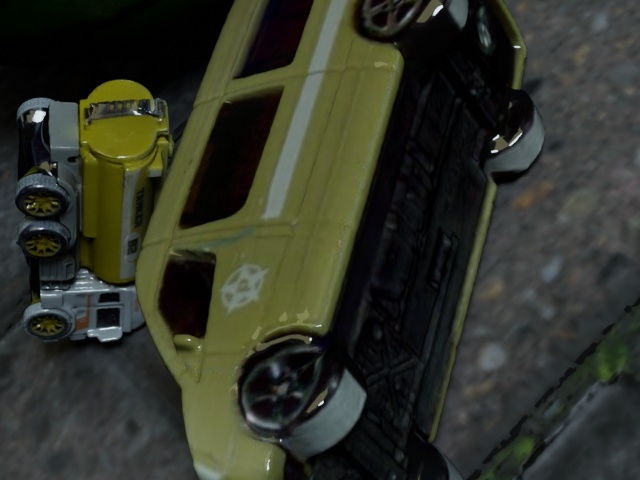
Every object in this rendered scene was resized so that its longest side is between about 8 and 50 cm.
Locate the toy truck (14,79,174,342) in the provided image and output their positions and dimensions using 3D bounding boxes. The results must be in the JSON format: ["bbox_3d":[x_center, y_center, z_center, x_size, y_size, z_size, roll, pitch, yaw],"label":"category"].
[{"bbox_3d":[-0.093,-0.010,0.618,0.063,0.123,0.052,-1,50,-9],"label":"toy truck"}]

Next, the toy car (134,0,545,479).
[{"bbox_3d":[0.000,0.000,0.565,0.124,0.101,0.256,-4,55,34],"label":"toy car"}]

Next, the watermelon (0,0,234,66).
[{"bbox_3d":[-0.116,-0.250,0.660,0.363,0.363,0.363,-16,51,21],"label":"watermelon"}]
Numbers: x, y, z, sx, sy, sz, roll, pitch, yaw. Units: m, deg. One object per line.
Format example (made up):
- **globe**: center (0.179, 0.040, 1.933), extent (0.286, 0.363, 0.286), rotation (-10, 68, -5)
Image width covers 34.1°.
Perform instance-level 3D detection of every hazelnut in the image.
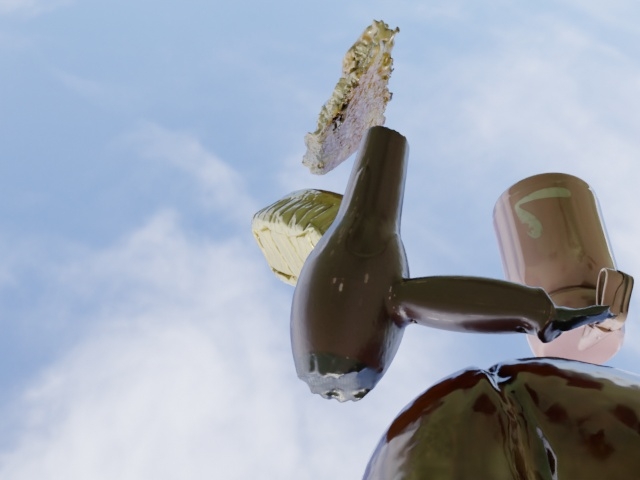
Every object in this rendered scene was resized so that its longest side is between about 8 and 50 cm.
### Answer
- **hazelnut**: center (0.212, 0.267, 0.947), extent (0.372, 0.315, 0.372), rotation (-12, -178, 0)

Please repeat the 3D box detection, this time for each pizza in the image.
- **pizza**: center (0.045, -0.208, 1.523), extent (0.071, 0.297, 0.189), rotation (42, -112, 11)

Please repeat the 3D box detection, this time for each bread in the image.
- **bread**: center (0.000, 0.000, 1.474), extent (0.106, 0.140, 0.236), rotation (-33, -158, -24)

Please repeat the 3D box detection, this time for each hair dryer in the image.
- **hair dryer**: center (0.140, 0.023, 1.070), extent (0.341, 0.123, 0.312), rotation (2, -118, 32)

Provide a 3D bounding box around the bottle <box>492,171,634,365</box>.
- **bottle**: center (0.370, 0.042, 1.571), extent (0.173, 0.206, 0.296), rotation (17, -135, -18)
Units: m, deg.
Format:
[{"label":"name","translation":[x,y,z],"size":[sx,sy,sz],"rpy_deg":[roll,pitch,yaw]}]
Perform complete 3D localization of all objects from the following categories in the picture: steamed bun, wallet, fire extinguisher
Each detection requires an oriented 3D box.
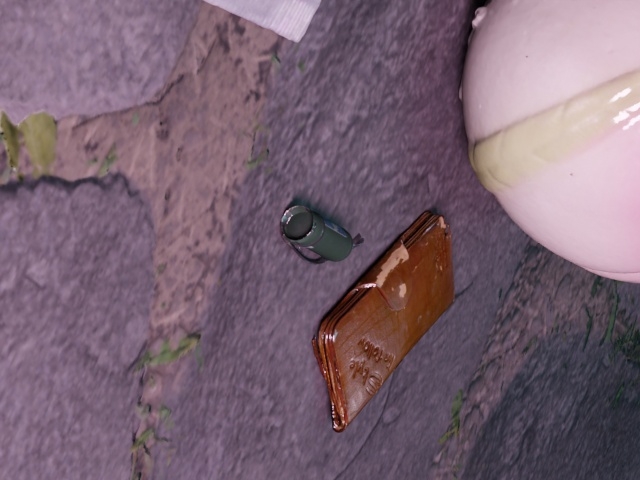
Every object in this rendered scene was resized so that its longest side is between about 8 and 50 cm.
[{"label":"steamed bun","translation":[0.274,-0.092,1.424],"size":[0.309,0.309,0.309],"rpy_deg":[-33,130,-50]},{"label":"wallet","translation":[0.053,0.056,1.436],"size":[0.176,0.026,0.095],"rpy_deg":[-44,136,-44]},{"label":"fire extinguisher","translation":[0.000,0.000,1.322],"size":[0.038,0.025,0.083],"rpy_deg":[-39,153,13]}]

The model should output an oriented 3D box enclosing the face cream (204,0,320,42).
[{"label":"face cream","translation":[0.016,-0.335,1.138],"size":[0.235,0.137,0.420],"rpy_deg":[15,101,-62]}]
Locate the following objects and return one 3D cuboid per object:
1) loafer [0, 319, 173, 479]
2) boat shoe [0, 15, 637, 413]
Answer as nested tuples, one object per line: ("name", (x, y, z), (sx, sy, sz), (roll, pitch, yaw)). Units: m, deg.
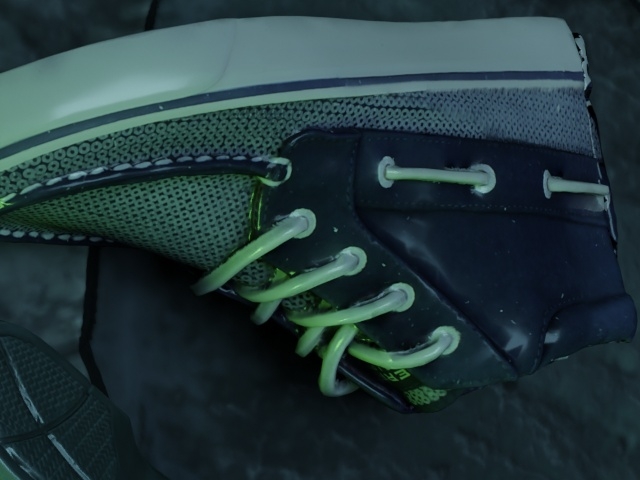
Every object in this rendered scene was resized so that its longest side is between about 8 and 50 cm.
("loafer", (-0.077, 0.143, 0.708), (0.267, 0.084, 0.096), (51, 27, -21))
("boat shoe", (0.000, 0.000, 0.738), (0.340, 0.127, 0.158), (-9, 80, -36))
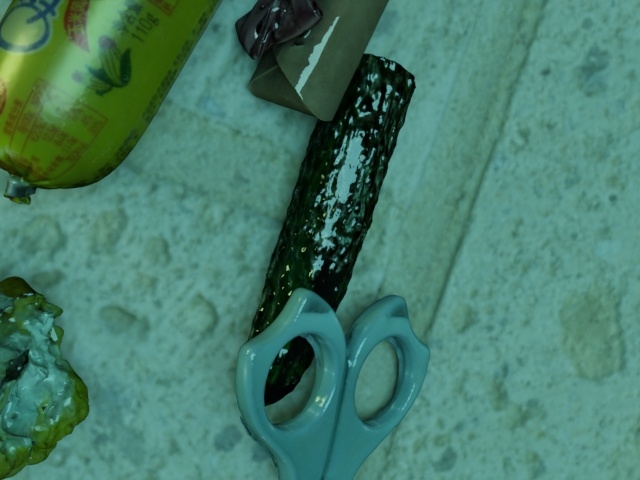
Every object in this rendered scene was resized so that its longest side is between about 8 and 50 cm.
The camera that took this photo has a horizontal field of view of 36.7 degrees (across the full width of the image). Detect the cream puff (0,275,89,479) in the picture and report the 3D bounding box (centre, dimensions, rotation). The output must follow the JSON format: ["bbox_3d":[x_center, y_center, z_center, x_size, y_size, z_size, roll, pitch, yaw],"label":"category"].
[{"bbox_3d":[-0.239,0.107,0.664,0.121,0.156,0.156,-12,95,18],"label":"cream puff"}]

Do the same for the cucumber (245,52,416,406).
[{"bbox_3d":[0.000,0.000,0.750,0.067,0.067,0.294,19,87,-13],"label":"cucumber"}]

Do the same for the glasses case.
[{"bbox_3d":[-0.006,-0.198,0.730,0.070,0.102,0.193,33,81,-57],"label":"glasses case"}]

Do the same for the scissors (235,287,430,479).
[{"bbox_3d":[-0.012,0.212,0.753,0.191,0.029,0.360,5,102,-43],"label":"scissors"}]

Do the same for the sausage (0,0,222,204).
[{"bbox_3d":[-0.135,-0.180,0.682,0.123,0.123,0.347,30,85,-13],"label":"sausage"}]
* * * *
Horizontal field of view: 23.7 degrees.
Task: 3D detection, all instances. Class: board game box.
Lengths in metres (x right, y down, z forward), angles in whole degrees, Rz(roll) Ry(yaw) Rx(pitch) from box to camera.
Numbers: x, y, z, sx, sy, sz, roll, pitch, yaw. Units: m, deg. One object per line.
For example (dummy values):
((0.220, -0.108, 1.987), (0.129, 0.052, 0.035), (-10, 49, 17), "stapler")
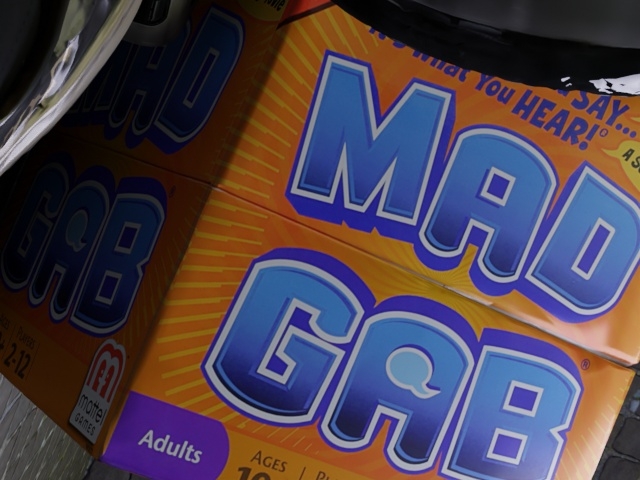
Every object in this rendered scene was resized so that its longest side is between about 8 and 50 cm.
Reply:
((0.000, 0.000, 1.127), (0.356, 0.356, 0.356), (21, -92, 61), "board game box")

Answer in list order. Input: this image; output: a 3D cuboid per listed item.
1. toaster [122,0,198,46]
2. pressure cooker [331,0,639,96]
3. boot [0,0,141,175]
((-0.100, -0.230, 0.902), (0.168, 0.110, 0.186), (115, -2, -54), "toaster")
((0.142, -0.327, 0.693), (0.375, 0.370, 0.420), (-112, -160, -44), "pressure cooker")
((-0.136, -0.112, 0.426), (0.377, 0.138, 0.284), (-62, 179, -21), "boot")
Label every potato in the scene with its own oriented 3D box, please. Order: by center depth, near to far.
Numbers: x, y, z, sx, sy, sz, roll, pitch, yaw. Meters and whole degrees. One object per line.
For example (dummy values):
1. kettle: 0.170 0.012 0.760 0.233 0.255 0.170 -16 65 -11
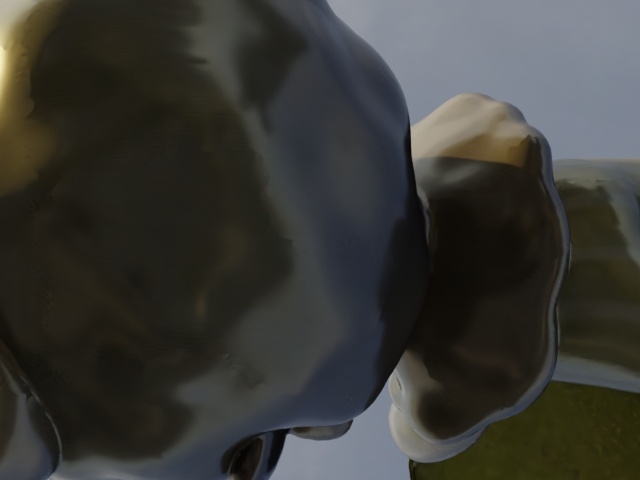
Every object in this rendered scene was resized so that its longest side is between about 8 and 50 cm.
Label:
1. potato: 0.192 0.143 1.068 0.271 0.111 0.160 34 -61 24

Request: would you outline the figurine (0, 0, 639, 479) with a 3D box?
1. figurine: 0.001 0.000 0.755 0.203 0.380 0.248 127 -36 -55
* * * *
Take every line from the data that contains the word "following".

__ANSWER SPACE__.
Perform complete 3D localization of all objects from the following categories in the picture: steamed bun, wallet, fire extinguisher
Locate the following objects and return one 3D cuboid per object:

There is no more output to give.